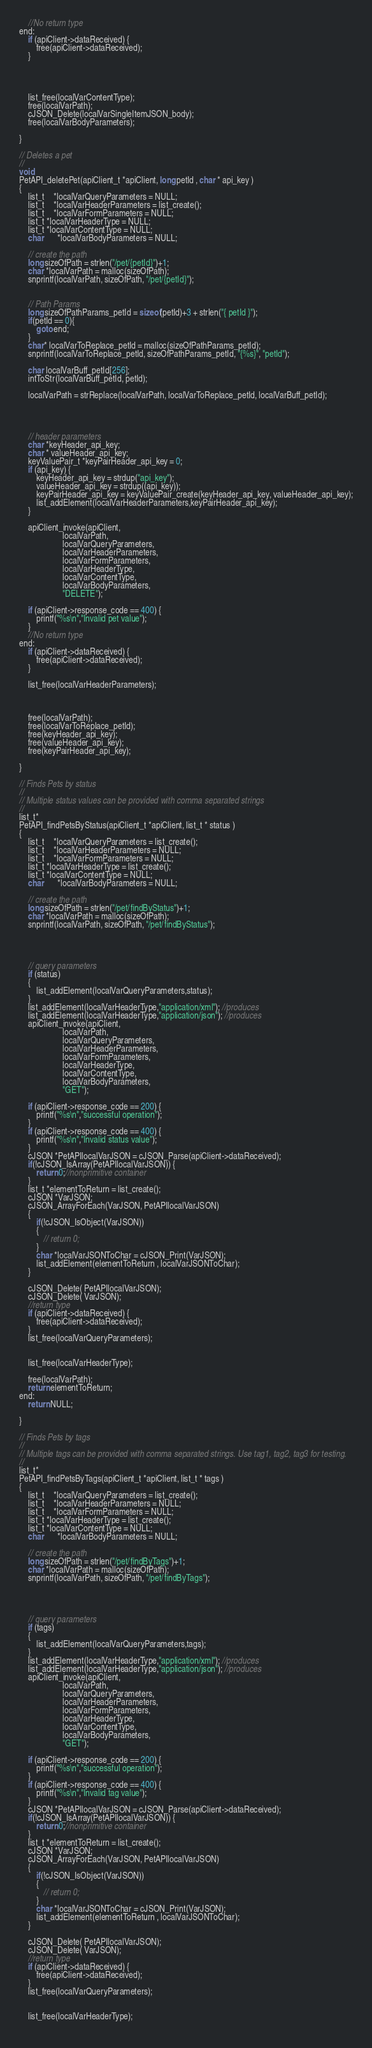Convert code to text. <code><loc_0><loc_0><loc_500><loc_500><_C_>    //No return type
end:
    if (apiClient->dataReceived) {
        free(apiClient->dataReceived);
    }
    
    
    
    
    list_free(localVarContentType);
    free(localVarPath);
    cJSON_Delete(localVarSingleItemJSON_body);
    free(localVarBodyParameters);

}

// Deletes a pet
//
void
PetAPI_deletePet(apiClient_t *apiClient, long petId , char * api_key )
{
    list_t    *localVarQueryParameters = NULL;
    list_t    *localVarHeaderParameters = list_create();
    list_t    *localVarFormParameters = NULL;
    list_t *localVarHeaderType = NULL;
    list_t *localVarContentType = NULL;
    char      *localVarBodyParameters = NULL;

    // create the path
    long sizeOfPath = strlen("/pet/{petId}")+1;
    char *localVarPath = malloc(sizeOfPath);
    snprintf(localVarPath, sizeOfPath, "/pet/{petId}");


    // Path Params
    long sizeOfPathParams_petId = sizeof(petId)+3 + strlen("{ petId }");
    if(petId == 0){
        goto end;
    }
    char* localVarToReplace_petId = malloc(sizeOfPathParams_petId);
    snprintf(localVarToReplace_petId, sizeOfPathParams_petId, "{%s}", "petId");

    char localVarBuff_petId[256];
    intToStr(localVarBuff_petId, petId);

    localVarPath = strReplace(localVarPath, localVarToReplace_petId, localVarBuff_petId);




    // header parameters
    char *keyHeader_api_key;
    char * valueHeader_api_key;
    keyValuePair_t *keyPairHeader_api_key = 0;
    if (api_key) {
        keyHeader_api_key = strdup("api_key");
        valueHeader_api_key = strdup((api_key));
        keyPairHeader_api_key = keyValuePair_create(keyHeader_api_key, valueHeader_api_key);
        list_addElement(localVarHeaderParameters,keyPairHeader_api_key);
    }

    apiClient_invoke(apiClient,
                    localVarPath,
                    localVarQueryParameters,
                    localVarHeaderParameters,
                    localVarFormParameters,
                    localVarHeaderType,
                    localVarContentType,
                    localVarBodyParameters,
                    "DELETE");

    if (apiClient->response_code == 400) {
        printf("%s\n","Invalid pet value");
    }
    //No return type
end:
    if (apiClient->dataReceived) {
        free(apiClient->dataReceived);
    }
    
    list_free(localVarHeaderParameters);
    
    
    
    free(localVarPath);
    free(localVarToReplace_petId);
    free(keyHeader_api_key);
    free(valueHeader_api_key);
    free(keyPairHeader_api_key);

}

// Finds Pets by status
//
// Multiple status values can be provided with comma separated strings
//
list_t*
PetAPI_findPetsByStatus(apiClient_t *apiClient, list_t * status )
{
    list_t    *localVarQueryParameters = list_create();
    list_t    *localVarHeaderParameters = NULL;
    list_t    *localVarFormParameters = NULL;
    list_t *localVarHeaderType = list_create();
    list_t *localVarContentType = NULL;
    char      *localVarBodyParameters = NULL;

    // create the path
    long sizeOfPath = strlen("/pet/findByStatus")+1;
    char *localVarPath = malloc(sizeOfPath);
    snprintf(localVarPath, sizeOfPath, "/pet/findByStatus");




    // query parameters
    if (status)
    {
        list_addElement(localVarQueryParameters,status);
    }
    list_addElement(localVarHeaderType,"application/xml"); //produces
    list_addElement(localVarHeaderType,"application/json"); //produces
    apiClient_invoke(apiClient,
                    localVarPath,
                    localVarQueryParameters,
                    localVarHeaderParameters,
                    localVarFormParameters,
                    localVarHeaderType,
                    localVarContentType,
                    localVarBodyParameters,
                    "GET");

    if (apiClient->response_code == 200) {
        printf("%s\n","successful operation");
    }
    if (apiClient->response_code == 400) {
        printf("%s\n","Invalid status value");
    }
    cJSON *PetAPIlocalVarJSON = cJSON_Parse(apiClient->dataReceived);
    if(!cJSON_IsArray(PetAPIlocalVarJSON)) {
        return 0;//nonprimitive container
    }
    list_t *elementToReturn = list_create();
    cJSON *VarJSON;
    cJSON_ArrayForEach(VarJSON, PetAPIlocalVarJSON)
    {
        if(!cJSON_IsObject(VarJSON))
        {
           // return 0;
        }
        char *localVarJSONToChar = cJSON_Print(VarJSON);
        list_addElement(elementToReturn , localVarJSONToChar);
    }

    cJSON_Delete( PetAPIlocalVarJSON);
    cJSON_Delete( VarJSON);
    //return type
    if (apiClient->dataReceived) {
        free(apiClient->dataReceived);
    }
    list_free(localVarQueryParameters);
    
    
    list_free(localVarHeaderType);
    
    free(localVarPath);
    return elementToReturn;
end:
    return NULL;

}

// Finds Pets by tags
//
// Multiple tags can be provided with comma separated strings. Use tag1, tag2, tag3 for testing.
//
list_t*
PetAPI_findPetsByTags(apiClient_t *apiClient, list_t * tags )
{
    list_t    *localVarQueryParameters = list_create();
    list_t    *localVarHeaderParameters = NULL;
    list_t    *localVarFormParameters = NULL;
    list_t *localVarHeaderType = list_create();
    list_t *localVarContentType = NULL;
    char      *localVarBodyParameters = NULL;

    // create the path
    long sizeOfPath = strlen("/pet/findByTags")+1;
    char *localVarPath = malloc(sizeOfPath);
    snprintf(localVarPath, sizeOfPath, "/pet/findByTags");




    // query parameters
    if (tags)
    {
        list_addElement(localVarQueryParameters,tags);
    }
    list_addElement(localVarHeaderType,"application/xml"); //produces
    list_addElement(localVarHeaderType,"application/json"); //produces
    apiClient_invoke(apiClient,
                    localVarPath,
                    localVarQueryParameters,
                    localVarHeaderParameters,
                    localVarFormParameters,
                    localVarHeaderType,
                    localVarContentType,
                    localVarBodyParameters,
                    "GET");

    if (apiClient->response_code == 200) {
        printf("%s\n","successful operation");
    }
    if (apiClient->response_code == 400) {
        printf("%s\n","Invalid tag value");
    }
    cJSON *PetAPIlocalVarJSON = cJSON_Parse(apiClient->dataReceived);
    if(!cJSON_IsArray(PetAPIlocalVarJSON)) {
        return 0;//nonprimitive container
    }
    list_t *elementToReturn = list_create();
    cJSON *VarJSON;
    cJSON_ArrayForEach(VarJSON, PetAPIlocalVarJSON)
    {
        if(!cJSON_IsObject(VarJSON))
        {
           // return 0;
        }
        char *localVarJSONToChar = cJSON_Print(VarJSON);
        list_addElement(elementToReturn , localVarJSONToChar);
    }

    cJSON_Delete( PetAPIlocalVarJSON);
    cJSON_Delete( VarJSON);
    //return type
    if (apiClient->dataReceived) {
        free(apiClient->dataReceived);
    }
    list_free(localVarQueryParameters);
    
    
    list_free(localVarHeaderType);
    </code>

---*---

- **HOW TO COMPLETE THIS TASK**
The entries above should be retyped exactly, minus any pictures.

- **ANSWER SPACE**
Convert code to text. <code><loc_0><loc_0><loc_500><loc_500><_C_>    //No return type
end:
    if (apiClient->dataReceived) {
        free(apiClient->dataReceived);
    }
    
    
    
    
    list_free(localVarContentType);
    free(localVarPath);
    cJSON_Delete(localVarSingleItemJSON_body);
    free(localVarBodyParameters);

}

// Deletes a pet
//
void
PetAPI_deletePet(apiClient_t *apiClient, long petId , char * api_key )
{
    list_t    *localVarQueryParameters = NULL;
    list_t    *localVarHeaderParameters = list_create();
    list_t    *localVarFormParameters = NULL;
    list_t *localVarHeaderType = NULL;
    list_t *localVarContentType = NULL;
    char      *localVarBodyParameters = NULL;

    // create the path
    long sizeOfPath = strlen("/pet/{petId}")+1;
    char *localVarPath = malloc(sizeOfPath);
    snprintf(localVarPath, sizeOfPath, "/pet/{petId}");


    // Path Params
    long sizeOfPathParams_petId = sizeof(petId)+3 + strlen("{ petId }");
    if(petId == 0){
        goto end;
    }
    char* localVarToReplace_petId = malloc(sizeOfPathParams_petId);
    snprintf(localVarToReplace_petId, sizeOfPathParams_petId, "{%s}", "petId");

    char localVarBuff_petId[256];
    intToStr(localVarBuff_petId, petId);

    localVarPath = strReplace(localVarPath, localVarToReplace_petId, localVarBuff_petId);




    // header parameters
    char *keyHeader_api_key;
    char * valueHeader_api_key;
    keyValuePair_t *keyPairHeader_api_key = 0;
    if (api_key) {
        keyHeader_api_key = strdup("api_key");
        valueHeader_api_key = strdup((api_key));
        keyPairHeader_api_key = keyValuePair_create(keyHeader_api_key, valueHeader_api_key);
        list_addElement(localVarHeaderParameters,keyPairHeader_api_key);
    }

    apiClient_invoke(apiClient,
                    localVarPath,
                    localVarQueryParameters,
                    localVarHeaderParameters,
                    localVarFormParameters,
                    localVarHeaderType,
                    localVarContentType,
                    localVarBodyParameters,
                    "DELETE");

    if (apiClient->response_code == 400) {
        printf("%s\n","Invalid pet value");
    }
    //No return type
end:
    if (apiClient->dataReceived) {
        free(apiClient->dataReceived);
    }
    
    list_free(localVarHeaderParameters);
    
    
    
    free(localVarPath);
    free(localVarToReplace_petId);
    free(keyHeader_api_key);
    free(valueHeader_api_key);
    free(keyPairHeader_api_key);

}

// Finds Pets by status
//
// Multiple status values can be provided with comma separated strings
//
list_t*
PetAPI_findPetsByStatus(apiClient_t *apiClient, list_t * status )
{
    list_t    *localVarQueryParameters = list_create();
    list_t    *localVarHeaderParameters = NULL;
    list_t    *localVarFormParameters = NULL;
    list_t *localVarHeaderType = list_create();
    list_t *localVarContentType = NULL;
    char      *localVarBodyParameters = NULL;

    // create the path
    long sizeOfPath = strlen("/pet/findByStatus")+1;
    char *localVarPath = malloc(sizeOfPath);
    snprintf(localVarPath, sizeOfPath, "/pet/findByStatus");




    // query parameters
    if (status)
    {
        list_addElement(localVarQueryParameters,status);
    }
    list_addElement(localVarHeaderType,"application/xml"); //produces
    list_addElement(localVarHeaderType,"application/json"); //produces
    apiClient_invoke(apiClient,
                    localVarPath,
                    localVarQueryParameters,
                    localVarHeaderParameters,
                    localVarFormParameters,
                    localVarHeaderType,
                    localVarContentType,
                    localVarBodyParameters,
                    "GET");

    if (apiClient->response_code == 200) {
        printf("%s\n","successful operation");
    }
    if (apiClient->response_code == 400) {
        printf("%s\n","Invalid status value");
    }
    cJSON *PetAPIlocalVarJSON = cJSON_Parse(apiClient->dataReceived);
    if(!cJSON_IsArray(PetAPIlocalVarJSON)) {
        return 0;//nonprimitive container
    }
    list_t *elementToReturn = list_create();
    cJSON *VarJSON;
    cJSON_ArrayForEach(VarJSON, PetAPIlocalVarJSON)
    {
        if(!cJSON_IsObject(VarJSON))
        {
           // return 0;
        }
        char *localVarJSONToChar = cJSON_Print(VarJSON);
        list_addElement(elementToReturn , localVarJSONToChar);
    }

    cJSON_Delete( PetAPIlocalVarJSON);
    cJSON_Delete( VarJSON);
    //return type
    if (apiClient->dataReceived) {
        free(apiClient->dataReceived);
    }
    list_free(localVarQueryParameters);
    
    
    list_free(localVarHeaderType);
    
    free(localVarPath);
    return elementToReturn;
end:
    return NULL;

}

// Finds Pets by tags
//
// Multiple tags can be provided with comma separated strings. Use tag1, tag2, tag3 for testing.
//
list_t*
PetAPI_findPetsByTags(apiClient_t *apiClient, list_t * tags )
{
    list_t    *localVarQueryParameters = list_create();
    list_t    *localVarHeaderParameters = NULL;
    list_t    *localVarFormParameters = NULL;
    list_t *localVarHeaderType = list_create();
    list_t *localVarContentType = NULL;
    char      *localVarBodyParameters = NULL;

    // create the path
    long sizeOfPath = strlen("/pet/findByTags")+1;
    char *localVarPath = malloc(sizeOfPath);
    snprintf(localVarPath, sizeOfPath, "/pet/findByTags");




    // query parameters
    if (tags)
    {
        list_addElement(localVarQueryParameters,tags);
    }
    list_addElement(localVarHeaderType,"application/xml"); //produces
    list_addElement(localVarHeaderType,"application/json"); //produces
    apiClient_invoke(apiClient,
                    localVarPath,
                    localVarQueryParameters,
                    localVarHeaderParameters,
                    localVarFormParameters,
                    localVarHeaderType,
                    localVarContentType,
                    localVarBodyParameters,
                    "GET");

    if (apiClient->response_code == 200) {
        printf("%s\n","successful operation");
    }
    if (apiClient->response_code == 400) {
        printf("%s\n","Invalid tag value");
    }
    cJSON *PetAPIlocalVarJSON = cJSON_Parse(apiClient->dataReceived);
    if(!cJSON_IsArray(PetAPIlocalVarJSON)) {
        return 0;//nonprimitive container
    }
    list_t *elementToReturn = list_create();
    cJSON *VarJSON;
    cJSON_ArrayForEach(VarJSON, PetAPIlocalVarJSON)
    {
        if(!cJSON_IsObject(VarJSON))
        {
           // return 0;
        }
        char *localVarJSONToChar = cJSON_Print(VarJSON);
        list_addElement(elementToReturn , localVarJSONToChar);
    }

    cJSON_Delete( PetAPIlocalVarJSON);
    cJSON_Delete( VarJSON);
    //return type
    if (apiClient->dataReceived) {
        free(apiClient->dataReceived);
    }
    list_free(localVarQueryParameters);
    
    
    list_free(localVarHeaderType);
    </code>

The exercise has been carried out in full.